= Your objective =
Search term "List": copy each line of the records that contains it.

Entries taken from a collection
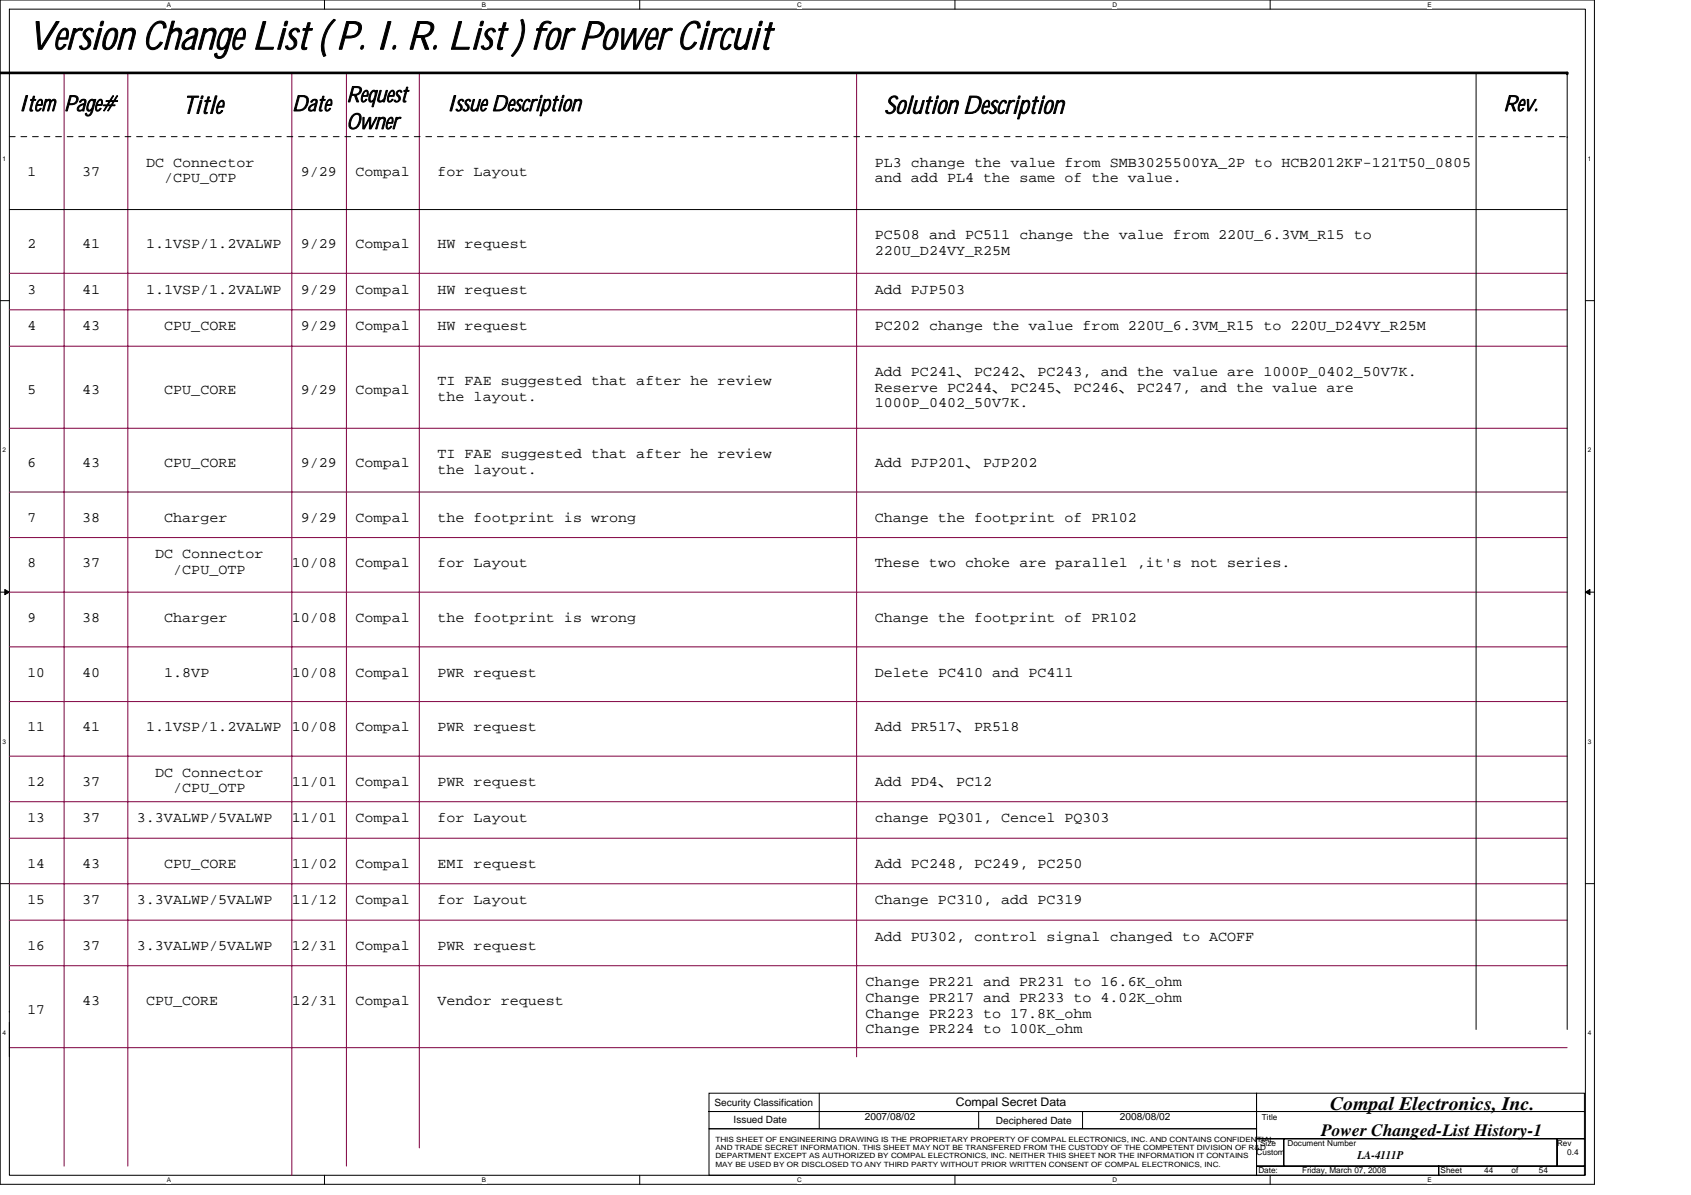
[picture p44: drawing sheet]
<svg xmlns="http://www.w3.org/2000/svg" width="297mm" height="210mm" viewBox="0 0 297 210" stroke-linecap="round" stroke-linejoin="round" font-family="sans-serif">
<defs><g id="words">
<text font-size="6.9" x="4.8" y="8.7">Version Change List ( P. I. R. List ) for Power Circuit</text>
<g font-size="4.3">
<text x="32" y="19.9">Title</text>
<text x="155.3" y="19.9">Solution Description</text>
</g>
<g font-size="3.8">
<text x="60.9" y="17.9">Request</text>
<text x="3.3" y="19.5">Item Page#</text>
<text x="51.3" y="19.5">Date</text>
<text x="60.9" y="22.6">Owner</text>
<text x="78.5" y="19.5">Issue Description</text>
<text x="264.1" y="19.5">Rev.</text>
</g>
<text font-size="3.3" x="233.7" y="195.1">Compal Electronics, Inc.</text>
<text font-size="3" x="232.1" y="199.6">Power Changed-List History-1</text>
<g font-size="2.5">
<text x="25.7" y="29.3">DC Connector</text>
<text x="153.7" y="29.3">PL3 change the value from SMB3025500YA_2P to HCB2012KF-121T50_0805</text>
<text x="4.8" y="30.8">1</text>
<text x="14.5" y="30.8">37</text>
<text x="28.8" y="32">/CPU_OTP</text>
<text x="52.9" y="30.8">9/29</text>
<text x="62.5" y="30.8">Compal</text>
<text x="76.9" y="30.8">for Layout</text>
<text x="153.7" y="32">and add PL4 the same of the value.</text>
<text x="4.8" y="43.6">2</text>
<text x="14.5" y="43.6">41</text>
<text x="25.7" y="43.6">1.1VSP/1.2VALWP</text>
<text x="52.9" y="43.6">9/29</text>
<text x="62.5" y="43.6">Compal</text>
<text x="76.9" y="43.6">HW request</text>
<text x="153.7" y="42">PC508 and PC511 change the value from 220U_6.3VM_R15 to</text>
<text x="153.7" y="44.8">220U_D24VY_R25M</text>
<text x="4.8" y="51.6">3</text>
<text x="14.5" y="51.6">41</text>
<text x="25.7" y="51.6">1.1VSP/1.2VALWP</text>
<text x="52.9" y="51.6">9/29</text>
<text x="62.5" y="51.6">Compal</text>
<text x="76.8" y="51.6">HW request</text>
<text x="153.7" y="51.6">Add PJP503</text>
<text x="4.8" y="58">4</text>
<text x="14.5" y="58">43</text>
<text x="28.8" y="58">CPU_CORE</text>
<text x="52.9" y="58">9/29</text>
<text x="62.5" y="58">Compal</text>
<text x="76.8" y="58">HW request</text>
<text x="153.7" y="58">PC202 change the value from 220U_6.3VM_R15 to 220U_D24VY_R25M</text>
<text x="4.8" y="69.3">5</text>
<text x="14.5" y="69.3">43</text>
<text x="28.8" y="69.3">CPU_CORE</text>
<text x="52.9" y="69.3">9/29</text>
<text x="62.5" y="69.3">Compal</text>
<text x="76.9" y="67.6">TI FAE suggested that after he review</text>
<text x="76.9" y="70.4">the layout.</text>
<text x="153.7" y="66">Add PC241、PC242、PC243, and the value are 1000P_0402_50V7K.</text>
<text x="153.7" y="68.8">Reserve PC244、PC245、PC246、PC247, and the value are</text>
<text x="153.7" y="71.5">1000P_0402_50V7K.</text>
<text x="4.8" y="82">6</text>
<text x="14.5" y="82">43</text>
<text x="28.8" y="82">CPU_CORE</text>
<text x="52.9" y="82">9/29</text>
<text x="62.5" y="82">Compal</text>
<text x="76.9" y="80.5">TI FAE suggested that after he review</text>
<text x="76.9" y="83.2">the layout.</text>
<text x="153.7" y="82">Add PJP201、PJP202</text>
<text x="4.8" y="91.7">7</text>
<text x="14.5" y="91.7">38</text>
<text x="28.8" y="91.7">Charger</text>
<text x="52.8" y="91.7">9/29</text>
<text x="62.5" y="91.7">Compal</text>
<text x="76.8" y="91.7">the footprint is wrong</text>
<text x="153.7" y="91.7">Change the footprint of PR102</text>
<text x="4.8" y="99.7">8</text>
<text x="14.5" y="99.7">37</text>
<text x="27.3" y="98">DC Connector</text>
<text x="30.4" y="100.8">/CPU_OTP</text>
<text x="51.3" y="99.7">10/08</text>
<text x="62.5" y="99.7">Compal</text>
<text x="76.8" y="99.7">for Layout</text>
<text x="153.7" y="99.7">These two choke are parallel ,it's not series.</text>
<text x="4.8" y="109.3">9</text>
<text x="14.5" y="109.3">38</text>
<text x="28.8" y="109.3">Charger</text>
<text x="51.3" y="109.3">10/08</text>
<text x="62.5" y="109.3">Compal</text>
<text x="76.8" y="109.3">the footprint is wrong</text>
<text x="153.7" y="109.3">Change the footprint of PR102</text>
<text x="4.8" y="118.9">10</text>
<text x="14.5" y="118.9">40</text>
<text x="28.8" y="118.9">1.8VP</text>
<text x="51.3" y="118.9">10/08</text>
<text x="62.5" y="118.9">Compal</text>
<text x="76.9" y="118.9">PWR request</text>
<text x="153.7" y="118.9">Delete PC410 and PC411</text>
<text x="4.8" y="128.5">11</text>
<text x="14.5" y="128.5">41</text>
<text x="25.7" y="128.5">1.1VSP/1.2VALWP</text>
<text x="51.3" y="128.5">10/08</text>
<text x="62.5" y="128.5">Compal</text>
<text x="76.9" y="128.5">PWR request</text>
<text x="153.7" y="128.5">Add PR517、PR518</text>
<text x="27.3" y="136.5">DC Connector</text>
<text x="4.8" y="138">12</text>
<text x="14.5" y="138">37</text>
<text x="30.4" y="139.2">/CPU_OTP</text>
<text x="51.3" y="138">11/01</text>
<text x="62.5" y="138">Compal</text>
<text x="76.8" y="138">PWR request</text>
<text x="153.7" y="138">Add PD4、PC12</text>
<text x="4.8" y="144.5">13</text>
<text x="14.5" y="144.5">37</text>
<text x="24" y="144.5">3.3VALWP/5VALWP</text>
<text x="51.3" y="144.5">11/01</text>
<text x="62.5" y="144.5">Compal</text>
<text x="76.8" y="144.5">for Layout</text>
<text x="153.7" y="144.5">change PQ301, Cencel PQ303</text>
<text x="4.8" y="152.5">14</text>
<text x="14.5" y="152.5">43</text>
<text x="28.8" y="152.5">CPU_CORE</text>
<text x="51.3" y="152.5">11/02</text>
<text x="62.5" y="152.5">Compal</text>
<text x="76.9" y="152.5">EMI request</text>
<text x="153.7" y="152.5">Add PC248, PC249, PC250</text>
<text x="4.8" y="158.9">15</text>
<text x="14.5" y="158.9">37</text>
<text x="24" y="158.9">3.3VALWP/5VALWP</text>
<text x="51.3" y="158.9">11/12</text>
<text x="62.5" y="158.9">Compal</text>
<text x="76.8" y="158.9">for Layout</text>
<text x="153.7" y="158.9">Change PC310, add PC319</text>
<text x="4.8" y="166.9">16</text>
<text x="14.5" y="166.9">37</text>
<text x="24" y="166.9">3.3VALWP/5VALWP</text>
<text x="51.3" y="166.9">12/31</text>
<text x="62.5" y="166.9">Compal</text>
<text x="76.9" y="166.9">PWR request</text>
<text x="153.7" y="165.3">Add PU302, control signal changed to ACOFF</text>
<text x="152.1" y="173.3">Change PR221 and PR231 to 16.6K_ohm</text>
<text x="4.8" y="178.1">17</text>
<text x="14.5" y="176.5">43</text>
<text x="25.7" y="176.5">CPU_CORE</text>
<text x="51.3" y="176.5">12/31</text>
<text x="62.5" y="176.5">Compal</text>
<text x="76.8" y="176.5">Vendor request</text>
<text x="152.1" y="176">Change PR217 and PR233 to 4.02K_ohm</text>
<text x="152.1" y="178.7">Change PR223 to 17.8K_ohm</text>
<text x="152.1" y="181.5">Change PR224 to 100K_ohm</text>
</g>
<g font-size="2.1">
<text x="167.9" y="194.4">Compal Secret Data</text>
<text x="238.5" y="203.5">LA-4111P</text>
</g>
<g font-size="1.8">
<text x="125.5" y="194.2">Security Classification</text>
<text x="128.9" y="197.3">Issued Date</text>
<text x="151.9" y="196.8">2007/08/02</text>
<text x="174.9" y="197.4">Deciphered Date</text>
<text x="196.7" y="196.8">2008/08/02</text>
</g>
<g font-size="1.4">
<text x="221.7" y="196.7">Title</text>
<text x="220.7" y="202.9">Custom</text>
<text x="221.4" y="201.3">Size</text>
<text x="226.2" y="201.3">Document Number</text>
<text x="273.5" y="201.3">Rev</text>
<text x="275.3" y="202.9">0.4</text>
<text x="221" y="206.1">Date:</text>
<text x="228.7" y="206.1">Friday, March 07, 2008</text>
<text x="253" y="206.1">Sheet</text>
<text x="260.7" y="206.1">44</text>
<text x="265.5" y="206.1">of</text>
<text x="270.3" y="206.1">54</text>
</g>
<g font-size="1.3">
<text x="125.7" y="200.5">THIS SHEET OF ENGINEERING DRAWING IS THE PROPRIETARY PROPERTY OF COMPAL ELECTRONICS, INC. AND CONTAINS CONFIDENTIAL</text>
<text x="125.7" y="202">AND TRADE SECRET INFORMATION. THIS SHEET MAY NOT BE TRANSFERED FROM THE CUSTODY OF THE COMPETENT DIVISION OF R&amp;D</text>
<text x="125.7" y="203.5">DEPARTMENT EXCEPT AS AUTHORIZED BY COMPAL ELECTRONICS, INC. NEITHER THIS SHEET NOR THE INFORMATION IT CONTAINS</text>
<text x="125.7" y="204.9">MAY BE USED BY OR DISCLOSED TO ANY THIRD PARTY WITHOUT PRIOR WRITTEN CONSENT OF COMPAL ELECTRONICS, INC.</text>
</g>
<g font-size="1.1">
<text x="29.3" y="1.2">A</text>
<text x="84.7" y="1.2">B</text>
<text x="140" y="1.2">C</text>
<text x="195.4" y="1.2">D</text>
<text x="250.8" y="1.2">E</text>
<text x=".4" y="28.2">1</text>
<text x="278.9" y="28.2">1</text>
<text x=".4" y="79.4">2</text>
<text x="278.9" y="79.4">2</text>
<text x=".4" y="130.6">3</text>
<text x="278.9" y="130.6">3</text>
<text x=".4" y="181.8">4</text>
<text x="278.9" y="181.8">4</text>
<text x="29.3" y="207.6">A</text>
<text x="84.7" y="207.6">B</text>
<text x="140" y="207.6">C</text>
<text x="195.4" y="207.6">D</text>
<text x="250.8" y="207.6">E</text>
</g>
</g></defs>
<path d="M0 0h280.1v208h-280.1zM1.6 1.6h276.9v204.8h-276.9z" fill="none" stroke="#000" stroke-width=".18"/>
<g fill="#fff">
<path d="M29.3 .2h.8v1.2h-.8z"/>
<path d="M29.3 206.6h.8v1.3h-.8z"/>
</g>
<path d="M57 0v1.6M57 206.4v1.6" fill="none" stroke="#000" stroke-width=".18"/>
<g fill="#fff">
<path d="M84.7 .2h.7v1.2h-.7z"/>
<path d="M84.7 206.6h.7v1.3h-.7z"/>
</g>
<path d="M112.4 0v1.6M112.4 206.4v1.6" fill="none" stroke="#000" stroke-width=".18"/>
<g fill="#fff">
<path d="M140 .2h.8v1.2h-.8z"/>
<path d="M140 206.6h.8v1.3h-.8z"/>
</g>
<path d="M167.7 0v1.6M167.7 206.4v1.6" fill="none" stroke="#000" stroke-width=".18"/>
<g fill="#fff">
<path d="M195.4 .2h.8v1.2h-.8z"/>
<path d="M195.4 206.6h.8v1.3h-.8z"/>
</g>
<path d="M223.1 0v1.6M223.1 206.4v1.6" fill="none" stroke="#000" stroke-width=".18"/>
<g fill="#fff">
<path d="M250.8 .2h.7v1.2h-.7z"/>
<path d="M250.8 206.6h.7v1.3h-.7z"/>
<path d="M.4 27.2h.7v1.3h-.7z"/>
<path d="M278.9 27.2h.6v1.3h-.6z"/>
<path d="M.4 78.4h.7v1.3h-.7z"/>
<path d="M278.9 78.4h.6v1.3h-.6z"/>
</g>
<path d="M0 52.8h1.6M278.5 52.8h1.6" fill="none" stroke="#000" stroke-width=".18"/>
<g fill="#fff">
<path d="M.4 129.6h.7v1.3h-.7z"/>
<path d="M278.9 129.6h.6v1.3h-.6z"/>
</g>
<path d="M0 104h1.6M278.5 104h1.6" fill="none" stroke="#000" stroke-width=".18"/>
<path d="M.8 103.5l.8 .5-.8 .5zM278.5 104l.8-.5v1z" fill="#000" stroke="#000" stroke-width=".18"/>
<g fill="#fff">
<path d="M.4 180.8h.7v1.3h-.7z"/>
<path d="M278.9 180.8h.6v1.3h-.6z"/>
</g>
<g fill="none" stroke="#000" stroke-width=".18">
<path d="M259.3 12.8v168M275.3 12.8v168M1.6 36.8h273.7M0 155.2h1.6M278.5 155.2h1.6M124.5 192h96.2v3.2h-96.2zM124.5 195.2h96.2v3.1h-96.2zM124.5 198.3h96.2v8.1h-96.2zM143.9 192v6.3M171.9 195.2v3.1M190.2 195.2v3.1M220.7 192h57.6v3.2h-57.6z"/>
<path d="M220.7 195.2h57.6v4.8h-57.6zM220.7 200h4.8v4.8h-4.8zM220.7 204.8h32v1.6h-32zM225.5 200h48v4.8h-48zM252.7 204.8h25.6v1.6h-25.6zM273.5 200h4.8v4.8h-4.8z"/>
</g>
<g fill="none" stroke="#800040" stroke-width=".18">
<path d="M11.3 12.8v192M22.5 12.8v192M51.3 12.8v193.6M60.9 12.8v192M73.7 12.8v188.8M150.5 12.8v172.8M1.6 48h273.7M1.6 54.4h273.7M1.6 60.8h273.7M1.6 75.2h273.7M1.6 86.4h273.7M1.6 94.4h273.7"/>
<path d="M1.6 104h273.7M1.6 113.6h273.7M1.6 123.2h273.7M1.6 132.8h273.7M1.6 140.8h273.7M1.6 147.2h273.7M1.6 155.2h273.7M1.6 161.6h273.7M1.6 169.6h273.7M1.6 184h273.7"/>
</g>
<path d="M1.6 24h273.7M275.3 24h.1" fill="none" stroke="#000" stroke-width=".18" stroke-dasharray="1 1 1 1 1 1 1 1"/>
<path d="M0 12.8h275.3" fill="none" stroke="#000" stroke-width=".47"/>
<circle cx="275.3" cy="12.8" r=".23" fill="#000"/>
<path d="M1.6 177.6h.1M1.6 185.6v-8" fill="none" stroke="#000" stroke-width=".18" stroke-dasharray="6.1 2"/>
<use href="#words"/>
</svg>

= Exercise output =
<text font-size="6.9" x="4.8" y="8.7">Version Change List ( P. I. R. List ) for Power Circuit</text>
<text font-size="3" x="232.1" y="199.6">Power Changed-List History-1</text>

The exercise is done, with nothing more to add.